While these sentiments were not entirely absent from those at the convention, they also weren’t dominating the conversation.
McKinley said that his goal with the expo is to foster community between preppers: “I hope that they’re connecting with each other, meeting other like-minded people, and learning to work together on things instead of going after each other,” he said.
He reached out to many of the speakers and vendors personally. Amanda and Jake Sparrow got an invite after running into McKinley at a farmers market in Little Falls.
The schedule of speakers included a note about inclusivity at the event: “Hate speech, bullying, or degrading comments referring to topics such as political affiliation, race, religion, culture, sexual orientation, gender or identity will NOT be tolerated.”
McKinley’s experience with disaster response is almost pedestrian: He was in North Dakota when high winds during a winter storm knocked down the power lines. The oil wildcatters who had recently moved to the area to open an oil field were not ready for it.
“These young guys, they’ve never seen anything like that before, and they panicked. They broke the windows out of the two main grocery stores. They cleared the shelves off of bottled water and canned goods and stuff like that,” McKinley said.
Since then, McKinley has been ensuring he has extra groceries and generators. His primary concerns when it comes to disasters are solar flares, electromagnetic eruptions from the sun, and pole reversals, which is when Earth’s magnetic north and south poles flip, which happens an average of every 300,000 years.
McKinley was clear to say that he’s “not a gun collector,” though he does own guns.
“My weapons all have a purpose, you know, and so I don’t have a lot of them,” McKinley said.
Vance Boelter, suspected assassin, described as a prepper
Prepping caught national headlines at the end of June, when a court filing described suspected assassin Vance Boelter and his wife as preppers. Boelter is accused of killing Rep. Melissa Hortman and her husband, Mark, as well as shooting Sen. John Hoffman and his wife, Yvette.
Boelter owned dozens of guns and had made a “bailout plan” for his family that included going to Jenny Boelter’s mother’s house in Wisconsin. The morning of the assassination, Boelter texted his family, writing that he “went to war last night” and that “there’s gonna be some people coming to the house armed and trigger-happy and I don’t want you guys around.”

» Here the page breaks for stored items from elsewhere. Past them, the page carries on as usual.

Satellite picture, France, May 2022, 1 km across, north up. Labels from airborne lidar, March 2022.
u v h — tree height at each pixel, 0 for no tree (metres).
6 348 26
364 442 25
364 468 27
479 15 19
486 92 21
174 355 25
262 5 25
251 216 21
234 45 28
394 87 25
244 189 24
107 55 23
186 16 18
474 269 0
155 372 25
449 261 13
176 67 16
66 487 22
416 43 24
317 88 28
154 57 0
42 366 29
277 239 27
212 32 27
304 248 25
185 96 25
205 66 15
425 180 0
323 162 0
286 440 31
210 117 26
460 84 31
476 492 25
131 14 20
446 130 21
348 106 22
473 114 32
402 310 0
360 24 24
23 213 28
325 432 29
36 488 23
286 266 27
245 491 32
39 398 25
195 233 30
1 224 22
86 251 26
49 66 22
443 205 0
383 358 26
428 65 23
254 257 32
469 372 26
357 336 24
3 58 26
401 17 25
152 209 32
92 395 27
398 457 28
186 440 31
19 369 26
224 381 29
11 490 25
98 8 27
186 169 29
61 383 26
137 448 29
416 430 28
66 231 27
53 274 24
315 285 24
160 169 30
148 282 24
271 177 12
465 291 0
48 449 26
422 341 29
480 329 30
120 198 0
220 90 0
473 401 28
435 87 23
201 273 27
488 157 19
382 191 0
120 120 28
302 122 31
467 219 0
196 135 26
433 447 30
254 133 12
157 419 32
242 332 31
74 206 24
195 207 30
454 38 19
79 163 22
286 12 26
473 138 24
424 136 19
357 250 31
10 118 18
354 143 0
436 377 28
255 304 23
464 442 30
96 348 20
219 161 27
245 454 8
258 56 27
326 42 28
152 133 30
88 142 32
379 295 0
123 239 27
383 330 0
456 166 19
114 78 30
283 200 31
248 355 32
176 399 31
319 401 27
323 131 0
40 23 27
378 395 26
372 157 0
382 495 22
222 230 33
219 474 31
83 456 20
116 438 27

The affidavit didn’t include many details about Boelter’s prepping, and Boelter didn’t feature in conversations at the convention.
Boelter’s roommate, David Carlson, told the Star Tribune that the prepper label fit Boelter but he was uncertain how involved in prepping Boelter actually was.

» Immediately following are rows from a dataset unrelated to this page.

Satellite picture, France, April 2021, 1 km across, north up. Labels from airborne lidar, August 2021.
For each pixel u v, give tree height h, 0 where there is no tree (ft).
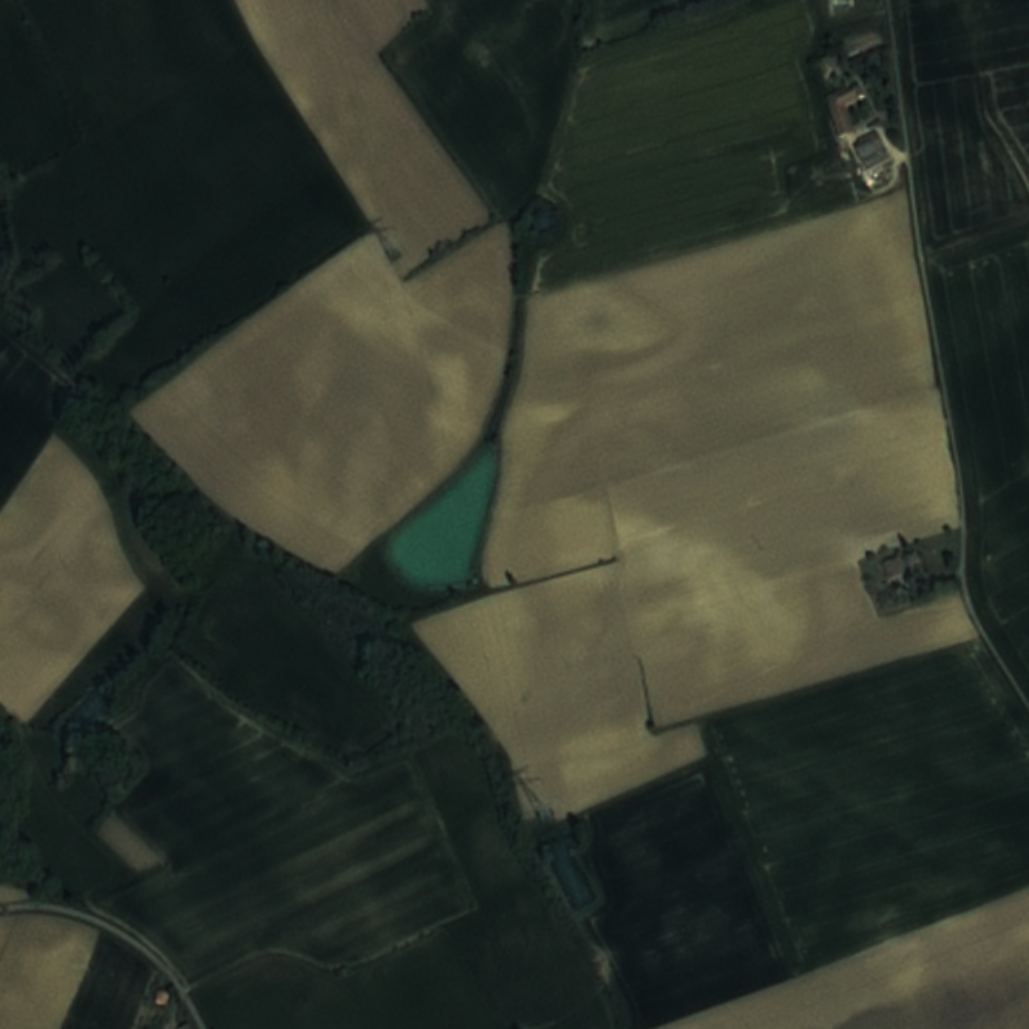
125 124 0
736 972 0
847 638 0
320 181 0
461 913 0
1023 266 0
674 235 0
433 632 0
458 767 0
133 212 0
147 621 0
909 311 0
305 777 0
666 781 0
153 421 0
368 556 0
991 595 0
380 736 0
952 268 0
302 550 0
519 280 59
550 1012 0
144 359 0
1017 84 0
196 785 0
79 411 91
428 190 0
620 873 0
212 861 0
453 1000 0
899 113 29
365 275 0
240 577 0
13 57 0
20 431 0
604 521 0
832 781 0
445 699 64
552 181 0
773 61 0
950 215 0
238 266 0
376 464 0
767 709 0
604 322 0
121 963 0
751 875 0
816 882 0
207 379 0
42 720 0
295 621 0
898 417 0
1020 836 0
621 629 0
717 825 0
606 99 0
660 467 0
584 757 0
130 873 0
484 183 0
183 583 55
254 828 0
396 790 0
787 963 0
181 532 102
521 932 0
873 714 0
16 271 95
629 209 0
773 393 0
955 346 0
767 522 0
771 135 0
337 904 0
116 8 0
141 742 0
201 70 0
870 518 0
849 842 0
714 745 0
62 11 0
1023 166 0
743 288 0
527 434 0
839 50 39
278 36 0
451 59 0
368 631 27
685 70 0
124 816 0
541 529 0
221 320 0
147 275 0
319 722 0
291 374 0
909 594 47
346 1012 0
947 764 0
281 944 0
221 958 0
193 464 0
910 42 0
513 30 0
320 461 0
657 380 0
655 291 0
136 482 50
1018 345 0
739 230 0
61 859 0
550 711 0
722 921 0
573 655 0
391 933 0
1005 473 0
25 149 0
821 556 0
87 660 0
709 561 0
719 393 0
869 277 0
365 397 0

“He always thought there would be civil war or the government would fall,” Carlson said. “I knew he had some firearms or food, maybe. I only thought he had like five or 10 guns. I was shocked to find out he had so many.”

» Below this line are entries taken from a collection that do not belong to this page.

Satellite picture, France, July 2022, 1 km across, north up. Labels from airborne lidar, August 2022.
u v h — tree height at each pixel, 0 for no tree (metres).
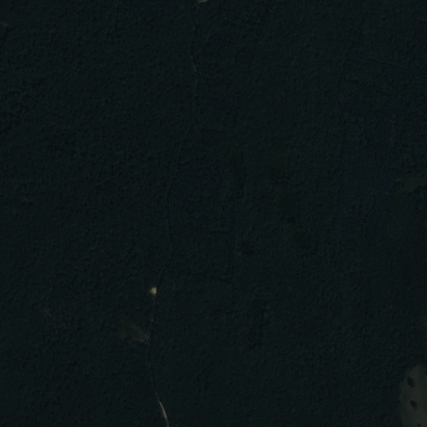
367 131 19
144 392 19
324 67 15
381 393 17
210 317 17
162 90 19
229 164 9
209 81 13
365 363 12
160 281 14
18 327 15
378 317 14
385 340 13
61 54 14
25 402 16
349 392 16
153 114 16
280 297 19
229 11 22
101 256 20
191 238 17
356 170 22
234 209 16
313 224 20
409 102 17
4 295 17
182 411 17
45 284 18
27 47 13
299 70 13
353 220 20
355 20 17
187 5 19
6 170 22
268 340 15
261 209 17
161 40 15
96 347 18
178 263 24
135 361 22
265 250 16
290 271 19
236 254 15
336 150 17
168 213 21
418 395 0
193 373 18
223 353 18
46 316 22
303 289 17
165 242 17
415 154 21
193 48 20
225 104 24
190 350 16
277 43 16
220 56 13
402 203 9
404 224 7
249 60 20
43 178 19
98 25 10
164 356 17
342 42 18
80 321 21
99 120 17
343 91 21
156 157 19
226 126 13
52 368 19
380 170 22
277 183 18
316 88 15
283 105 18
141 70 17
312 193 13
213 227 16
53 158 16
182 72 17
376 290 8
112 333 13
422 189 20
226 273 22
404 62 17
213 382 18
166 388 14
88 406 16
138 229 15
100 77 19
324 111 15
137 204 18
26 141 18
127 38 15
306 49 20
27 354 19
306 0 16
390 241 7
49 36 23
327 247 18
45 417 18
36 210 19
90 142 19
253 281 19
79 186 18
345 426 14
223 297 13
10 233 18
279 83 18
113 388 18
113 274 16
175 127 15
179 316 18
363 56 21
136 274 17
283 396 18
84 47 19
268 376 14
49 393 16
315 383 18
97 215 18
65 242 18
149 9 25
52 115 20
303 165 15
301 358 21
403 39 20
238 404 21
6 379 16
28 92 18
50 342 16
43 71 20
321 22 16
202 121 14
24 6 17
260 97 17
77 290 17
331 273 18

As the second day of the expo wound down, attendance thinned and vendors began packing up. A few speakers and attendees gathered around a campfire as the sun set over rows of trailers. The expo would go on for one more day.
The following Wednesday, the Morrison County Fair was starting.
Some of the game operators were already up and running in the hopes of drumming up business from the expo.
A few stragglers tried their luck at a toy gun game, the targets swapped out with pictures of zombies, and it was easy to conclude that they were probably not ready for the end.